Traditional collaborative filtering and ID models struggle to handle multimodal information such as product images and user reviews. Multimodal recommendation systems integrate multiple modalities like vision and text to build more comprehensive user interest models, which have become a key technology for improving experiences in e-commerce and other fields. This project provides a learning path from traditional to cutting-edge technologies.

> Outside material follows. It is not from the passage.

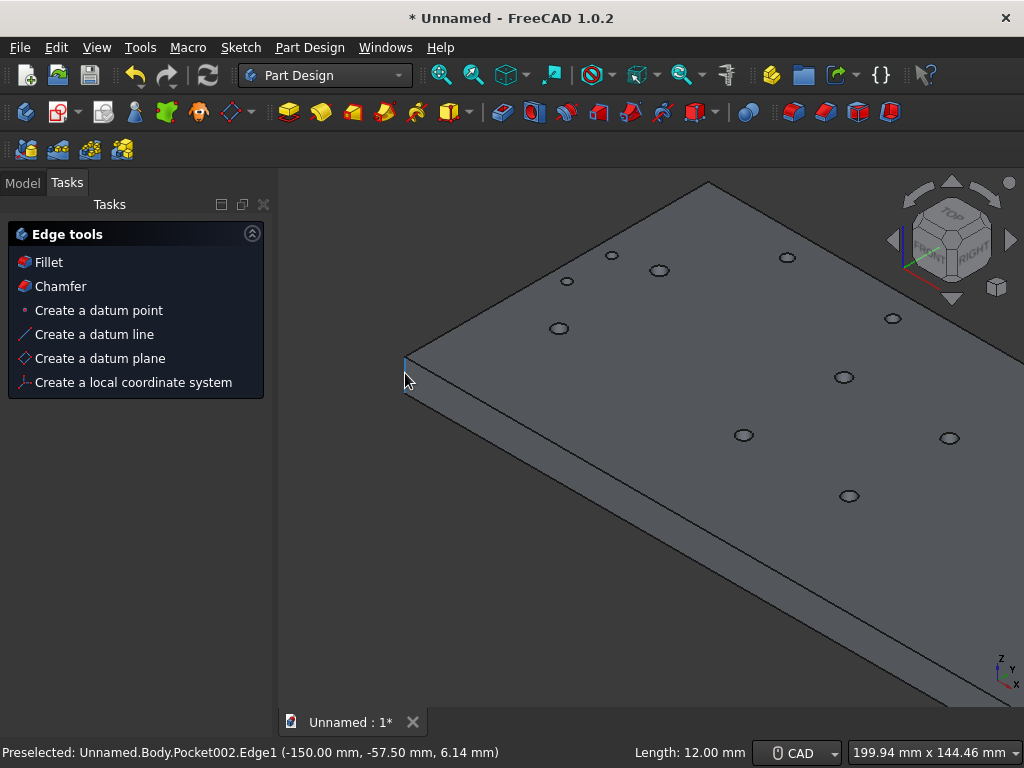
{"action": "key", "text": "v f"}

## Methodology: Detailed Explanation of Three-Layer Technical Architecture

The project adopts a progressive architecture:
1. **LightGBM Baseline**: Process structured features and provide a performance benchmark;
2. **CLIP and Sentence-BERT Fusion**: Use pre-trained models to extract semantic vectors from product images and text;
3. **Deep Models**: Include end-to-end architectures such as two-tower models, multimodal fusion networks, sequence models, and graph neural networks.

## Evidence: Dataset and Experimental Result Analysis

**Dataset**: Uses the Amazon Reviews 2023 Beauty category, including user-item interactions, product metadata, images, and review text;
**Experimental Results**: Through comparisons of metrics like CTR and NDCG, the performance of each layer of the model gradually improves; Ablation experiments show that the visual modality is important for the beauty category, and the text modality has strong interpretability.

## Conclusion: Project Value and Technical Summary

This project provides a complete multimodal recommendation learning case, demonstrates the technical evolution path, and offers reproducible code and experimental design for developers. It conveys systematic engineering thinking and helps understand the expansion of the boundaries of recommendation technology.

## Recommendations: Key Strategies for Multimodal Recommendation Practice

1. Use transfer learning with pre-trained models to improve performance;
2. Choose appropriate multimodal fusion strategies based on data and resources;
3. Adopt a progressive development path from baseline to complex models to reduce risks.